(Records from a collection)
★ ★ ★ ★ ★ ★ ★

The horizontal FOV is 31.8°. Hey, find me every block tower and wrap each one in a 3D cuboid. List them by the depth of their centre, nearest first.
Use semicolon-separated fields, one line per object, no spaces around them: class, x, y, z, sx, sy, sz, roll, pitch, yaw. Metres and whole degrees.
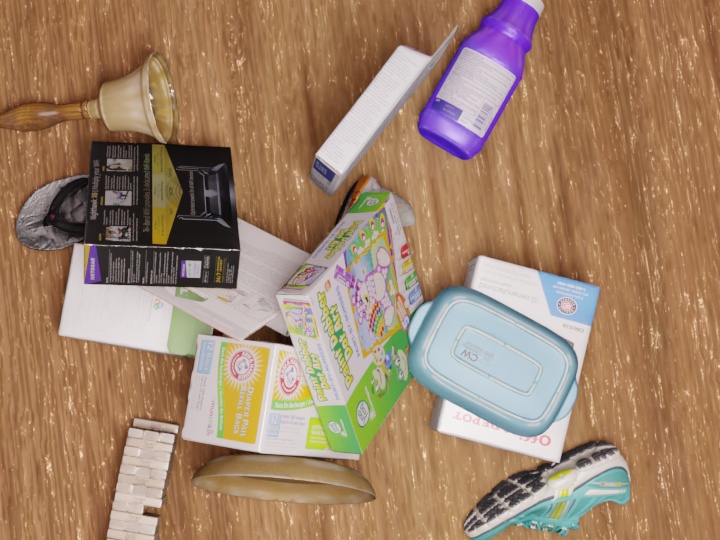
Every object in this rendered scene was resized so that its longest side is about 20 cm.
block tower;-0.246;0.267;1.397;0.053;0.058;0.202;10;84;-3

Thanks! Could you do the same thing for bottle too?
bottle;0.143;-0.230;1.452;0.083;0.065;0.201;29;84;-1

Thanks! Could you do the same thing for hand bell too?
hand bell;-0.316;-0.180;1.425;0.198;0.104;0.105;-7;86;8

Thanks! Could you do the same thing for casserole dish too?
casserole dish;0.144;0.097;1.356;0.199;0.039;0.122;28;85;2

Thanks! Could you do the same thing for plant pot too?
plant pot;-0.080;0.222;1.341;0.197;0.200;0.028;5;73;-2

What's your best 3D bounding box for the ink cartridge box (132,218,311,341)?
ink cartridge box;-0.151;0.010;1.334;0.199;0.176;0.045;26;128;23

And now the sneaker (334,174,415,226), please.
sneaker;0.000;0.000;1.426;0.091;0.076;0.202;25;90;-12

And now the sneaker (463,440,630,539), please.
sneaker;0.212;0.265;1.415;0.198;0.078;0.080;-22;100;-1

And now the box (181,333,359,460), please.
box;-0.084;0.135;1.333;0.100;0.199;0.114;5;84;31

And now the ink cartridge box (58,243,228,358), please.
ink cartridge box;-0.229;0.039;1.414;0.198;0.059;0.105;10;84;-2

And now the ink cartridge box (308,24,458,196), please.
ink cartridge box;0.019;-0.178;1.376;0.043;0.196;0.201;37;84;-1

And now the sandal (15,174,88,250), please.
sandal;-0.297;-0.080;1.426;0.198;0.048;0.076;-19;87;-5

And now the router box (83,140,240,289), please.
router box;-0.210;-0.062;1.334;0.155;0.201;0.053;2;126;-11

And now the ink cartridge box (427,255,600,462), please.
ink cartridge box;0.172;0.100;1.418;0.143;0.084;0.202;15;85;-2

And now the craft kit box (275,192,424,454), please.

★ ★ ★ ★ ★ ★ ★

* **DIRECTIONS FOR THIS TASK**
Print the records above exactly, minus pictures.

* **SOLVED EXERCISE**
The horizontal FOV is 31.8°. Hey, find me every block tower and wrap each one in a 3D cuboid. List them by the depth of their centre, nearest first.
Use semicolon-separated fields, one line per object, no spaces around them: class, x, y, z, sx, sy, sz, roll, pitch, yaw. Metres and whole degrees.
Every object in this rendered scene was resized so that its longest side is about 20 cm.
block tower;-0.246;0.267;1.397;0.053;0.058;0.202;10;84;-3

Thanks! Could you do the same thing for bottle too?
bottle;0.143;-0.230;1.452;0.083;0.065;0.201;29;84;-1

Thanks! Could you do the same thing for hand bell too?
hand bell;-0.316;-0.180;1.425;0.198;0.104;0.105;-7;86;8

Thanks! Could you do the same thing for casserole dish too?
casserole dish;0.144;0.097;1.356;0.199;0.039;0.122;28;85;2

Thanks! Could you do the same thing for plant pot too?
plant pot;-0.080;0.222;1.341;0.197;0.200;0.028;5;73;-2

What's your best 3D bounding box for the ink cartridge box (132,218,311,341)?
ink cartridge box;-0.151;0.010;1.334;0.199;0.176;0.045;26;128;23

And now the sneaker (334,174,415,226), please.
sneaker;0.000;0.000;1.426;0.091;0.076;0.202;25;90;-12

And now the sneaker (463,440,630,539), please.
sneaker;0.212;0.265;1.415;0.198;0.078;0.080;-22;100;-1

And now the box (181,333,359,460), please.
box;-0.084;0.135;1.333;0.100;0.199;0.114;5;84;31

And now the ink cartridge box (58,243,228,358), please.
ink cartridge box;-0.229;0.039;1.414;0.198;0.059;0.105;10;84;-2

And now the ink cartridge box (308,24,458,196), please.
ink cartridge box;0.019;-0.178;1.376;0.043;0.196;0.201;37;84;-1

And now the sandal (15,174,88,250), please.
sandal;-0.297;-0.080;1.426;0.198;0.048;0.076;-19;87;-5

And now the router box (83,140,240,289), please.
router box;-0.210;-0.062;1.334;0.155;0.201;0.053;2;126;-11

And now the ink cartridge box (427,255,600,462), please.
ink cartridge box;0.172;0.100;1.418;0.143;0.084;0.202;15;85;-2

And now the craft kit box (275,192,424,454), please.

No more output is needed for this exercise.